The name "Baddeck" is believed to originate from a Mi'kmaq word. One theory is that it originates from the word "Abadek" or "Abadak," which means "a portion of food set aside for someone or a sultry place," while another theory is that it originates from a word meaning "place with an island near."

Europeans discovered the inland part of Cape Breton Island during the 17th century when Jesuit missionaries from France established a settlement at nearby St. Anns in 1629. British settlement came during the 18th century after the territory was ceded by France.

== Island Settlement ==

In 1819, Lt. James Duffus (half pay Naval Officer), whose brother-in-law was Sir Samuel Cunard founder of the Cunard Line of steamships, founded his home on what is now known as Kidston Island—then known as Mutton Island—off the shore of present-day Baddeck. Duffus renamed the island Duke of Kent's Island, in honor of his patron. Duffus operated a mercantile business on the island, serving people from River Baddeck and Grand Narrows; customers were ferried to the island by canoe. In 1820 Duffus was appointed a magistrate and in 1826 he was granted 400 acres on the mainland. Duffus died in 1833, and his former assistants operated the business for a little over two years. In 1836 the executors of his estate in Halifax sent William Kidston to wind up his business.
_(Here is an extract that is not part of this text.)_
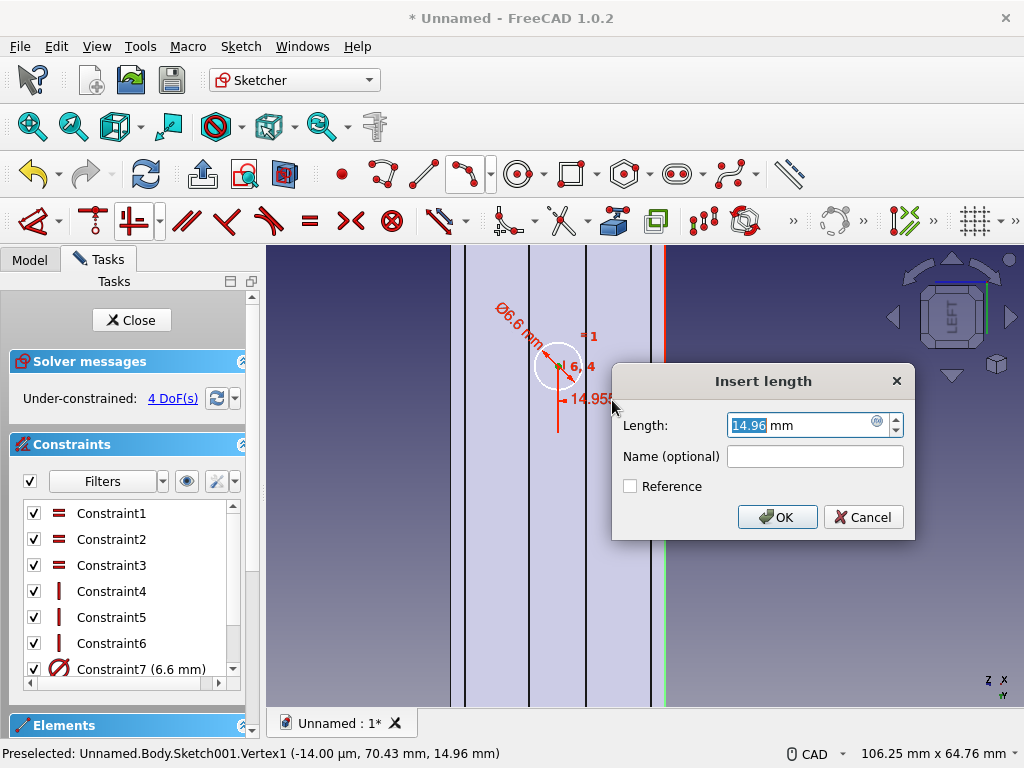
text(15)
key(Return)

== Growth of the Village ==

=== Shire Town ===
Up until 1851 Baddeck was known as Little Baddeck and it was part of Cape Breton County. William Kidston advocated the separation of Cape Breton County. In 1851 Kidston's advocacy paid off and Victoria County was split off from Cape Breton county and Baddeck became known by its present name. Kidston also advocated for Baddeck to become the site for the new county's jail and courthouse, which happened when Baddeck was established as the shire town of the county. When Baddeck became the shire town of the county, it established a municipal council and Murdoch MacAskill became the village custos rotulorum. The Victoria County Court House was finally constructed in 1889.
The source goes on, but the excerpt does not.